Sunday, May 31, 2009

12-28-2008: Holy Family (B)

Genesis 15:1-6; 21:1-3/Psalm 128/Hebrews 11:8,11-12,17-19/Luke 2:22-40
When facts are unknown, fantasies flourish, a wise old social worker once told me as he mused on the debilitating effects family secrets exert on the integrity of the family. Today, on this Feast of the Holy Family, we might admit we know virtually nothing about the relationship shared by Jesus, Mary and Joseph during Jesus’ formative years at Nazareth. So we fantasize and idolize the Holy Family, projecting onto them, as a family, the perfection we so obviously lack in ours.

We think: since Jesus was God, and Mary so pure, and Joseph quite quiet – there would have been no fighting or yelling, no outbursts of anger or tears, no childish pouting or teenage rebellion, no vengeful rebukes or nasty comments. In other words, we might conclude, that Holy Family was nothing like mine. We are constrained, of course, by the facts of our faith: that at least two of the members of that family were incapable of sinning. Thus, if the above mentioned “negative” characteristics are indeed sins, then they would have not occurred in the Holy Family; or, on the other hand, we might consider the possibility that if they did occur, then they may not be sins.

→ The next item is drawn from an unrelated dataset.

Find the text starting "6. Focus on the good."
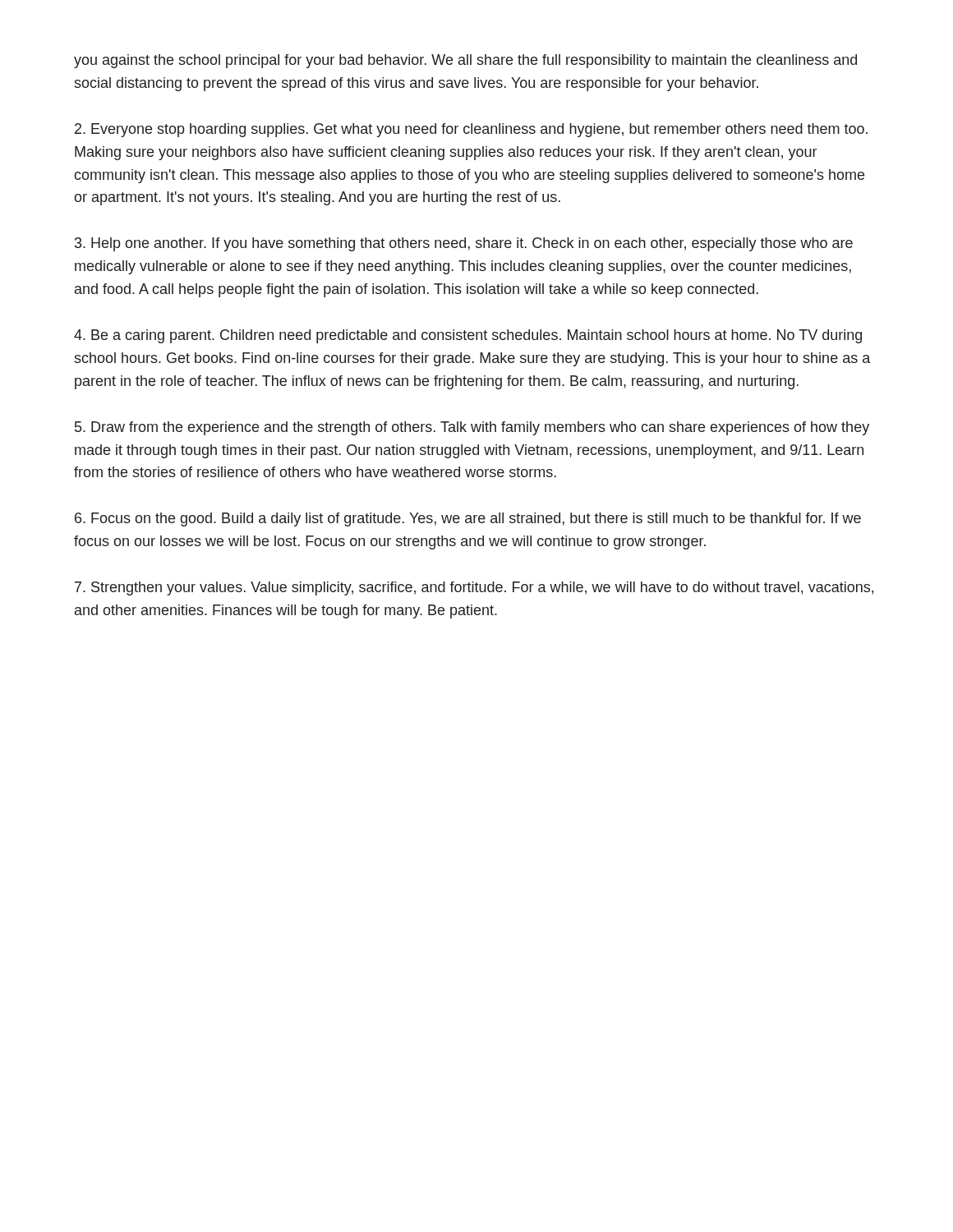 pyautogui.click(x=468, y=530)
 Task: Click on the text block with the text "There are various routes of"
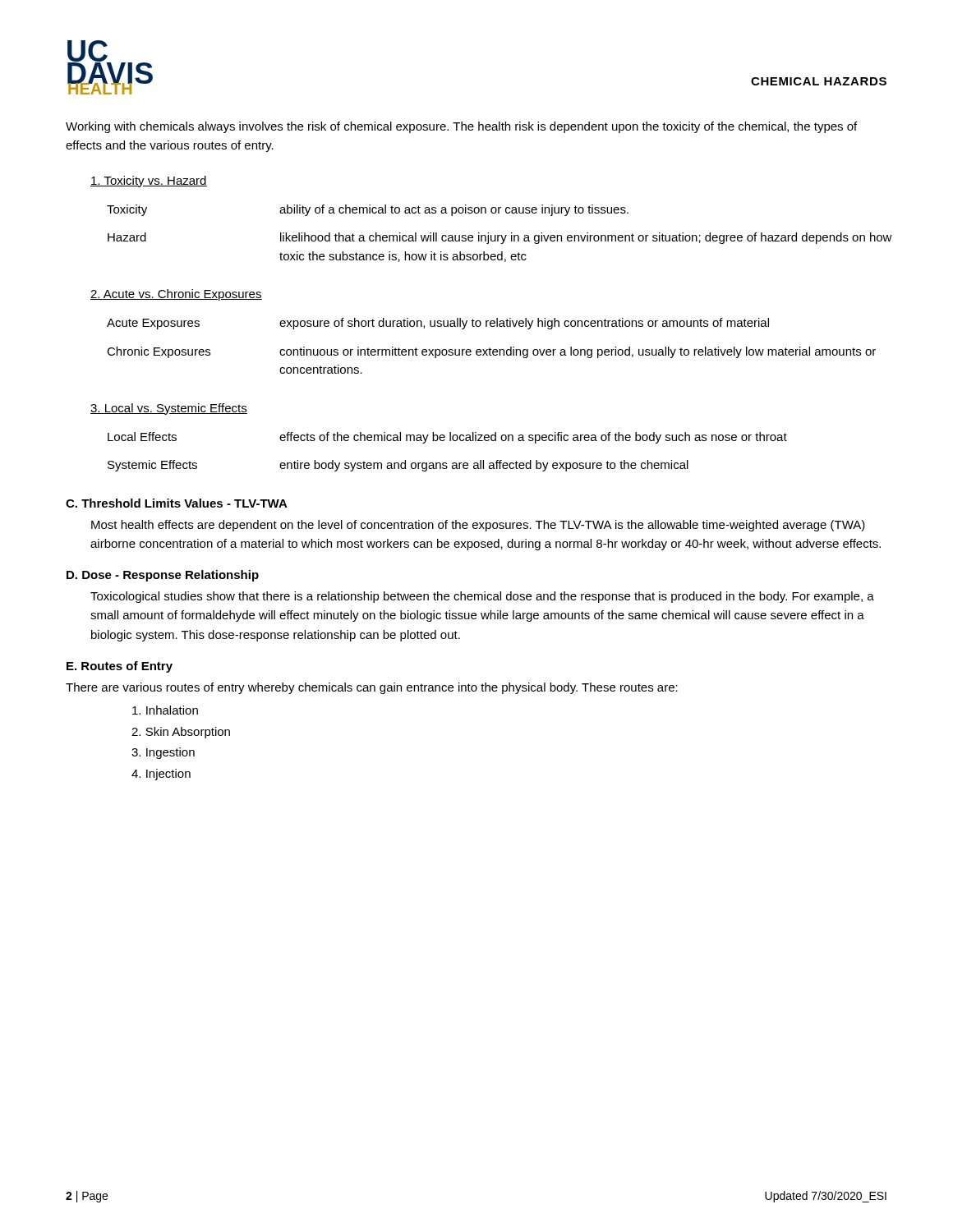[x=372, y=687]
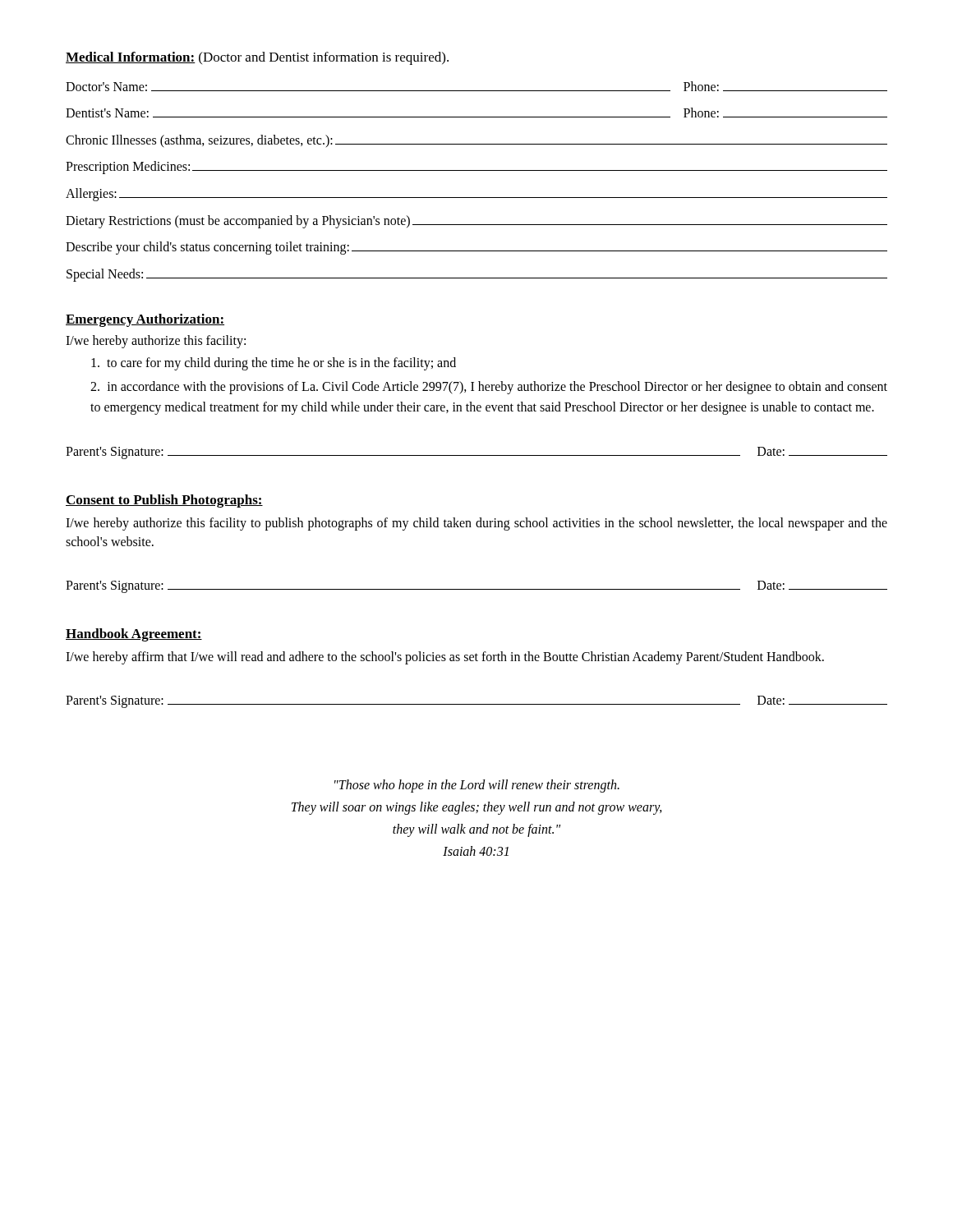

“The family is that privileged setting where every person learns to give and receive love…enabling men and women to grow to the full measure of their humanity.” Such a definition of family (as Pope Benedict has put it) could apply to any and all families – even the Holy Family, because Jesus too had to learn to grow in his humanity (you can’t grow in divinity – by definition). The church, and other religious bodies, have become a bit testy of late regarding how that privileged setting might be achieved however. That’s too bad, really. Making distinctions about what kind of family is best – two parents; two parents married only once; two parents: one male, one female; two parents of the same race; two parents of the same religion…etc., does no one any good. Just because families are formed in different ways doesn’t exclude them from being a family and, more importantly, doesn’t preclude them from achieving that privileged setting. Difference doesn’t necessarily mean better - or worse; it can simply mean different.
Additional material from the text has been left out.